# Companion To Champions II



## Black Steel Feathers (Aug 17, 2011)

_The thick plottens! The paragraphs get longer! Lucius makes a cameo! Little Horus does nothing at all! In this episode, Jhary meets someone who shares his dress sense, and the story's place in established canon gets even more unclear; also, Horus' lays down the law as to family. (Dunno if he would actually do that, but I couldn't help myself!)_

“Yes indeed, Chaos is very strong on this plane.”

There was silence after the extraordinary pronouncement, every Astartes in the room looking at Jhary A Conel and trying to work out what exactly he meant; it was obvious from his tone that he didn’t mean chaos as in disorder, but said the word as if it deserved a capital letter. Chaos- something powerful yet totally unknown to them…

“Chaos?” asked the Warmaster, frowning deeply- Jhary had been looking a little too intently at him as he’d been speaking for his comfort. “What is Chaos? And what is Law, come to think of it? I take it you don’t mean common law, as in the laws of a planet.”

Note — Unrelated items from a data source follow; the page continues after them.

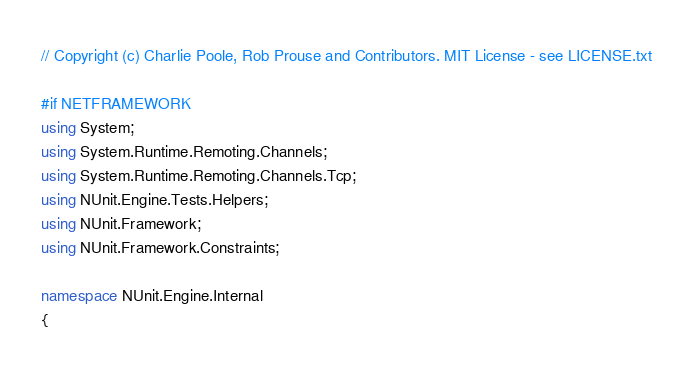Convert code to text. <code><loc_0><loc_0><loc_500><loc_500><_C#_>// Copyright (c) Charlie Poole, Rob Prouse and Contributors. MIT License - see LICENSE.txt

#if NETFRAMEWORK
using System;
using System.Runtime.Remoting.Channels;
using System.Runtime.Remoting.Channels.Tcp;
using NUnit.Engine.Tests.Helpers;
using NUnit.Framework;
using NUnit.Framework.Constraints;

namespace NUnit.Engine.Internal
{</code>

The Companion to Champions nodded. “Chaos is one of the two elemental forces of the multiverse, along with Law. It is the essence of change and transformation, uncontrolled energy, the driving force behind everything new- without Chaos, the whole of existence would be but a void. It is in direct opposition to Law, the force that keeps everything the same. Tranquillity, if you will…” he said, gesturing with a hand to underline his point. “Now, ideally the two forces would keep themselves in balance and the multiverse would continue on happily. But Chaos has a habit of wanting more, even if it knows full well that for one fraction to gain full control would ultimately end the destruction of everything. ‘Both ultimate law and ultimate chaos lead to stagnation’, as the saying goes… There is a third force, though, that of the Balance. It is the Balance which creates the Eternal Champion in every plane, not that he or she is necessarily aware of it or even their role in existence.”

“So the Eternal Champion’s job is to fight for whatever fraction is weaker in his… plane, you say, and in this… plane, Chaos is the stronger fraction?”

“Exactly. Well put, Captain...?”

“Captain Torgaddon.”

Jhary smiled proudly at the Luna Wolf, seemingly oblivious to Abbaddon’s continued suspicious looks; the Astartes hadn’t stopped glaring at the traveller since he had first spoken. By this time, however, the Warmaster and his Mournival had given in to their instincts to trust the strange man who’d so recently burst into their existence. 

“Am I correct in thinking, A Conel, that it would be best for us to try to identify your Eternal Champion as soon as possible, then allow you to aid him as you claim is your duty?” asked the Warmaster, recalling what Jhary had said about this Champion and thinking of all the people that could fit into that description. “From what you have told us- the fighting on behalf of Law, not to mention the very name of the Eternal Champion- I would suggest that the most likely candidate is my father, the Emperor of Mankind. He is quite literally eternal and the most powerful human being in existence. It was he who united Terra many centuries ago, created the Imperium of Man, and leads the Crusade to re-unite humanity under a single banner once more. If he isn’t your Champion, then I don’t know who is.”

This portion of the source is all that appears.